The hypocrisy is not that anyone is excusing actual attacks for one side but not the other. The hypocrisy is that we were told that the women who came forward regarding Bill Clinton's alleged attacks were "bimbo eruptions" and "that's what you get when you drag a $100 bill through a trailer park". (And in the same kind of respect for women we got that it was "putting lipstick on a pig" regarding Sarah Palin.) When it is Trump being accused, the same people are saying "we must listen to every woman".

If you want to take sexual assault off the table for both candidates,

Who said anything about doing that? I think it needs to be proven before it becomes accepted as a fact. And I'm sorry, but one person telling 6 or 600 people that "Trump did this bad thing to me" doesn't make it any more true, and it doesn't mean that there are 6 or 600 people who can corroborate that bad thing. I can tell 6000 people today that you held me up at gunpoint last night; exactly zero of them can corroborate your action or lack thereof. People who think People Magazine is a source of legal advice and knowledge are naive at best.

Comment Re:Fair point (Score 1) 557

You miss something. Stoynoff told them Trump attacked her, at the time Trump attacked her.

No, I didn't miss anything. It was't at the time he attacked her, it was after, and all it was was her telling them. They have no independent knowledge of the incident and can therefore not corroborate it. All they can corroborate is that she told them something happened, which isn't a fact that is in question. We know what she is saying. What we don't have any evidence of is the actual attack.

Comment Re:Fair point (Score 1) 557

If you read that People Magazine story carefully, there are actually NO people who can corroborate the attack. The people that are mentioned in regard to the attack all report only what they were told by the reporter. They have no independent knowledge of their own to provide.
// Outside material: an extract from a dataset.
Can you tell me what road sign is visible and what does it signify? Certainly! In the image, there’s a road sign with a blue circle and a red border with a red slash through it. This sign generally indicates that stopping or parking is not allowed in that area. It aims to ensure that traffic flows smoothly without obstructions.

The most they can corroborate is that "Stoynoff said Trump attacked her", and I think that's a fact that isn't in question.
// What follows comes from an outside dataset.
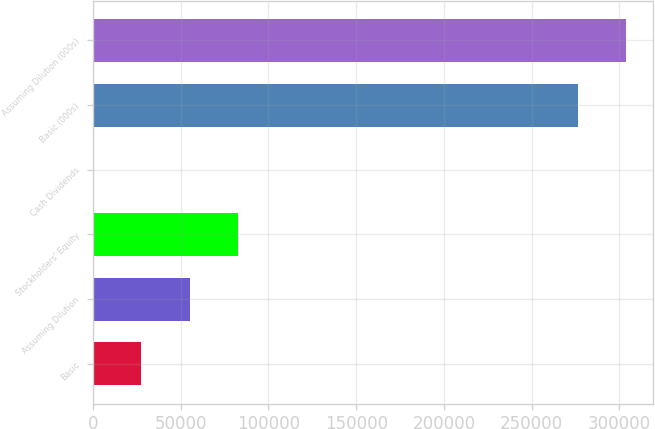Convert chart. <chart><loc_0><loc_0><loc_500><loc_500><bar_chart><fcel>Basic<fcel>Assuming Dilution<fcel>Stockholders' Equity<fcel>Cash Dividends<fcel>Basic (000s)<fcel>Assuming Dilution (000s)<nl><fcel>27613.5<fcel>55226.7<fcel>82839.9<fcel>0.37<fcel>276132<fcel>303745<nl></chart>

The only true corroboration in that article is that the reporter and Trump "chatted in a friendly way" during a meeting between Stoynoff, Donald, and Melania. The "corroborating" witness comments that what struck her most about that meeting was that Melania was carrying a child and wearing high heels. I think "Donald slammed her up against a wall and stuck his tongue down her throat" would have ranked a bit higher than the sartorial attire of Trump's wife had it been observed.
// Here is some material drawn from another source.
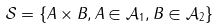<formula> <loc_0><loc_0><loc_500><loc_500>\mathcal { S } = \{ A \times B , A \in \mathcal { A } _ { 1 } , B \in \mathcal { A } _ { 2 } \}</formula> 
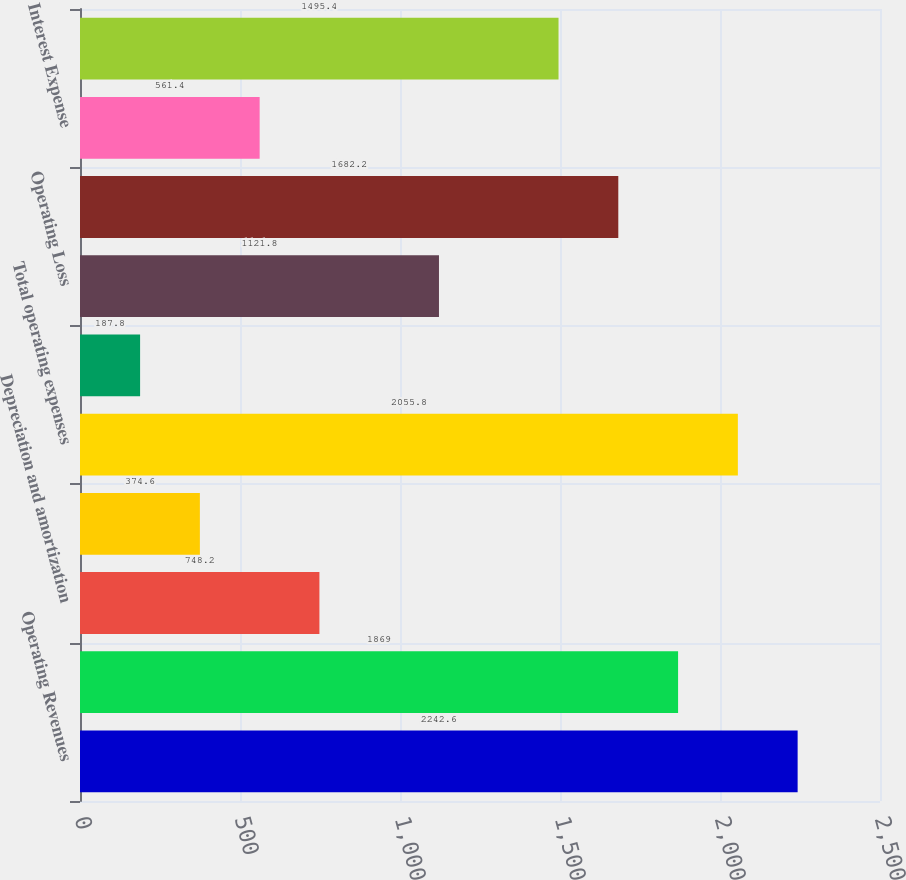Convert chart. <chart><loc_0><loc_0><loc_500><loc_500><bar_chart><fcel>Operating Revenues<fcel>Operation maintenance and<fcel>Depreciation and amortization<fcel>Property and other taxes<fcel>Total operating expenses<fcel>Gains on Sales of Other Assets<fcel>Operating Loss<fcel>Other Income and Expenses<fcel>Interest Expense<fcel>Loss Before Income Taxes<nl><fcel>2242.6<fcel>1869<fcel>748.2<fcel>374.6<fcel>2055.8<fcel>187.8<fcel>1121.8<fcel>1682.2<fcel>561.4<fcel>1495.4<nl></chart>

Even Stoynoff claims that she and Trump were alone when the alleged attack happened. At that point it becomes a he-said she-said (or zie-said zie-said, if you will). If allegation is all it takes to prove guilt these days, then we've a plethora of allegations we can consider about both candidates, some of which have a lot more evidence than "she told me that..."

Comment Re:Fair point (Score 1) 557

but Trump actually raped an underage girl

Please cite the court verdict that proves this accusation. All I know of is one woman who filed a civil suit using a fake address for something that happened twenty two years ago. There is no evidence to back up that claim, and no lawyer or civil rights group bothering to help her.

Do you have the facts that could effect the outcome of this lawsuit?

Comment Re:Fair point (Score 1) 557

Most normal people both left and right support some level of gun control because they know that less guns mean less gun violence.

We already have some level of gun control in the US.

The idea that "just one more law" will take guns out of the hands of true criminals (and not just people who are suddenly criminals only because of that "one more law") is foolish. "Just One More Law" is never intended to impact the true criminal, because "normal people" understand that the true criminal element won't obey that law, either. What other purpose than removing guns from law abiding citizens can ANY law that does nothing but remove guns from the hands of law abiding citizens have?

By the way, your claim that automatic weapons have no use other than "killing lots of people" kinda gives away your anti-gun bias. The fact that you do not want to admit to any other use doesn't mean they don't actually have any.